### Task to carry out:
Start at the line in the entries below that contains "Your answer should be very brief. -175.", stop at the line that contains "Offer a terse response. -117.", and output exactly the lines in that span, both ends included.

------ Material supplied

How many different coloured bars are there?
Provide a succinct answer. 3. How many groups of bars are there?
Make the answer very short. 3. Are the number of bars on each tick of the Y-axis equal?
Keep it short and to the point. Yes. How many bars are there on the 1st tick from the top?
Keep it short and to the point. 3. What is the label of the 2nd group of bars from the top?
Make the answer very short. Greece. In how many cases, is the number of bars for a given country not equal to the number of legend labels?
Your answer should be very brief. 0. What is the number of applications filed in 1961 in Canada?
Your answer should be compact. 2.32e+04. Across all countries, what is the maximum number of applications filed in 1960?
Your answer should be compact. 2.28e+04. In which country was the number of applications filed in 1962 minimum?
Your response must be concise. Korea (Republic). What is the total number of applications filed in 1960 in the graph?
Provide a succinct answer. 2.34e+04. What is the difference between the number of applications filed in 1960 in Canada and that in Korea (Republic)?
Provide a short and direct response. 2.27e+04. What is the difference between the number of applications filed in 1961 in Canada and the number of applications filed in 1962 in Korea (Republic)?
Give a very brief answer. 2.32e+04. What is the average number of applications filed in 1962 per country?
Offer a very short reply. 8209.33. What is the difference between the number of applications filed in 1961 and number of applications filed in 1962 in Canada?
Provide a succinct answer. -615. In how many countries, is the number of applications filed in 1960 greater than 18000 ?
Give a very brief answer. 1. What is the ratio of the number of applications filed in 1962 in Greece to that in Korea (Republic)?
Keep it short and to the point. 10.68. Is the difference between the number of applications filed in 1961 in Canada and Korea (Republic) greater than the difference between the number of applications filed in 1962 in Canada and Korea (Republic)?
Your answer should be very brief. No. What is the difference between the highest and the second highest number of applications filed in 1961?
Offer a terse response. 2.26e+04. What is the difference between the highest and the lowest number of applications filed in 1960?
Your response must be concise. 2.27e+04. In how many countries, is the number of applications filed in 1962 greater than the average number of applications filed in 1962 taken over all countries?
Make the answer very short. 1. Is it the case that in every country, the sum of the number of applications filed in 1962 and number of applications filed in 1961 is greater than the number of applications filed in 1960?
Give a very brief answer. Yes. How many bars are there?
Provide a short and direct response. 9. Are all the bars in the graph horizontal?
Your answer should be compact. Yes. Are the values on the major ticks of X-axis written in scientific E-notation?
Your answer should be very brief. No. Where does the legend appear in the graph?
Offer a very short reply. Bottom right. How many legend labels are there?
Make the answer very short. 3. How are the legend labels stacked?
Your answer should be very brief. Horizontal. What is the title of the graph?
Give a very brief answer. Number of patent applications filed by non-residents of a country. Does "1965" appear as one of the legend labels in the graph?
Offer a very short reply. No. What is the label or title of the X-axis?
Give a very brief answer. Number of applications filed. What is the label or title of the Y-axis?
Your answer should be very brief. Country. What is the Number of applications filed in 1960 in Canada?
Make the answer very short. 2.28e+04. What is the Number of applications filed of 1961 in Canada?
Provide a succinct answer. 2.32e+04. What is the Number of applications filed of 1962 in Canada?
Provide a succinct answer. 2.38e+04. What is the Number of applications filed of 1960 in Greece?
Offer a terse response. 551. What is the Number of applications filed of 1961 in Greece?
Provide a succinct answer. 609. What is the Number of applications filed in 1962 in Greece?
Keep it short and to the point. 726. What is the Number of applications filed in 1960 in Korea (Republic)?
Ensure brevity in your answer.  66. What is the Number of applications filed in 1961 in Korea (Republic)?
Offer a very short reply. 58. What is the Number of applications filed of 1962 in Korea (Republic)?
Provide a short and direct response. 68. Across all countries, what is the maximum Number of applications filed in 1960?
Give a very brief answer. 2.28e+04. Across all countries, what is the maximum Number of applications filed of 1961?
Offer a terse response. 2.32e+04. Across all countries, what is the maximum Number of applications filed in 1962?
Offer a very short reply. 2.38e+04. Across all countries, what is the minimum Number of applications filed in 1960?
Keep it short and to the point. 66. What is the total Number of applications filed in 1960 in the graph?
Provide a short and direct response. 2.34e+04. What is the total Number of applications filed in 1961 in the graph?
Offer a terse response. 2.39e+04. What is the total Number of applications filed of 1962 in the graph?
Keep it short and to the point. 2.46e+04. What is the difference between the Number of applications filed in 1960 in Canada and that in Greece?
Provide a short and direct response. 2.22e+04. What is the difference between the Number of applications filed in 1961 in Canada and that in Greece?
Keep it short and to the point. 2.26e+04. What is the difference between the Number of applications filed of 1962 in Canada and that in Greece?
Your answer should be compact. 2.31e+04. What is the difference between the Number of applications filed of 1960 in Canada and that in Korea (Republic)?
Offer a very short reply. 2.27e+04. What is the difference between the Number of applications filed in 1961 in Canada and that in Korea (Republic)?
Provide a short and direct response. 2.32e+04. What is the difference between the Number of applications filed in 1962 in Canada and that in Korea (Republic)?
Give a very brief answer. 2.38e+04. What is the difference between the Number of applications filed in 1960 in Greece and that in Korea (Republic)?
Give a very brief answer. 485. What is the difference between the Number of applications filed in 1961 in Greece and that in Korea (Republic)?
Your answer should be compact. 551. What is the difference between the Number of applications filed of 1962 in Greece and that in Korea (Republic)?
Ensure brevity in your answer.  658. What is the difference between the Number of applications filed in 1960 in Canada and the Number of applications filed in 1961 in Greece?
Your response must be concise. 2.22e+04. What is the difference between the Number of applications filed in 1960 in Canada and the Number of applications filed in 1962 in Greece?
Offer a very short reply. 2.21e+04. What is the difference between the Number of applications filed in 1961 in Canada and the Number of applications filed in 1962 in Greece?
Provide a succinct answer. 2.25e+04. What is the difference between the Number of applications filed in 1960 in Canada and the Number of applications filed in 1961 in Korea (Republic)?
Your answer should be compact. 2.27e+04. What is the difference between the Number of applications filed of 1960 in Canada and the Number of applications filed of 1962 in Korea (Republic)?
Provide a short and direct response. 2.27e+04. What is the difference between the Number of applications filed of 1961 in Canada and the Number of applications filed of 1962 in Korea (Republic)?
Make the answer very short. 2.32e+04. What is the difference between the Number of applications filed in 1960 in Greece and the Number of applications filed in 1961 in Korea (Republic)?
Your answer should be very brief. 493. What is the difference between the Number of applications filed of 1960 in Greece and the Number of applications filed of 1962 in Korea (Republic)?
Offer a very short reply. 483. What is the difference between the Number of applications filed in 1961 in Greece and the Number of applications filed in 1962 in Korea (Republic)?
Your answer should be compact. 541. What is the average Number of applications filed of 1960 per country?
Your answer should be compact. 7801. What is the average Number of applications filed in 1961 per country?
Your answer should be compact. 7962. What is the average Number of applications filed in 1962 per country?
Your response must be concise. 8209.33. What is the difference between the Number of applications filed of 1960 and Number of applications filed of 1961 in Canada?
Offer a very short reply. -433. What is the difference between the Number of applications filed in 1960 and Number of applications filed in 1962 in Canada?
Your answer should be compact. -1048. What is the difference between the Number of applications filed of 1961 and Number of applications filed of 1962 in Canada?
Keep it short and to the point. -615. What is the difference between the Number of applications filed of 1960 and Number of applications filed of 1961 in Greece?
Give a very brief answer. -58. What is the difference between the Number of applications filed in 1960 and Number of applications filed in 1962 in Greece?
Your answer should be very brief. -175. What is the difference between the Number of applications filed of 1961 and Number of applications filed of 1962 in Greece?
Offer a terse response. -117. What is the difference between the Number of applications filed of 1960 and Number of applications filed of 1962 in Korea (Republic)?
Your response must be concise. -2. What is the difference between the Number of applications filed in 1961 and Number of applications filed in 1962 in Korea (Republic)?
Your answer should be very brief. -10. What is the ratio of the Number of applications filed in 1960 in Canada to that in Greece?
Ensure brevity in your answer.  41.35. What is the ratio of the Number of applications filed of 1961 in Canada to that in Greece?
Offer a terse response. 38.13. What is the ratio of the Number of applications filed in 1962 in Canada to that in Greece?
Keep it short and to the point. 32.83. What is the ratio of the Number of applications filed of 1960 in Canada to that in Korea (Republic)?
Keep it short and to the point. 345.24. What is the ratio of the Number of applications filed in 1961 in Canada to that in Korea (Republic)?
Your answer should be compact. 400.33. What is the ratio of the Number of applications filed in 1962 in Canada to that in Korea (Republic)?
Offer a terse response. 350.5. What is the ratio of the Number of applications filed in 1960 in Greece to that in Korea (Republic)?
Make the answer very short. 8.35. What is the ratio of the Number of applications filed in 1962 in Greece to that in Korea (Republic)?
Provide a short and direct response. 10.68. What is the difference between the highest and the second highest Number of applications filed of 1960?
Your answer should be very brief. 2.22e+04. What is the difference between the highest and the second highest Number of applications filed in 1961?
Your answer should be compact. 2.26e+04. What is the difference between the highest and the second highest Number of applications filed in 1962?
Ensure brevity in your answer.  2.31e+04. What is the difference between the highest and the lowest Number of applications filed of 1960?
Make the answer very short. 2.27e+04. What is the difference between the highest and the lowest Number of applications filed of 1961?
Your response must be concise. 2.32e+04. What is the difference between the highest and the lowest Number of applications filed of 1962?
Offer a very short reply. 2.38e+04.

------------

### Answer space:
Your answer should be very brief. -175. What is the difference between the Number of applications filed of 1961 and Number of applications filed of 1962 in Greece?
Offer a terse response. -117. What is the difference between the Number of applications filed of 1960 and Number of applications filed of 1962 in Korea (Republic)?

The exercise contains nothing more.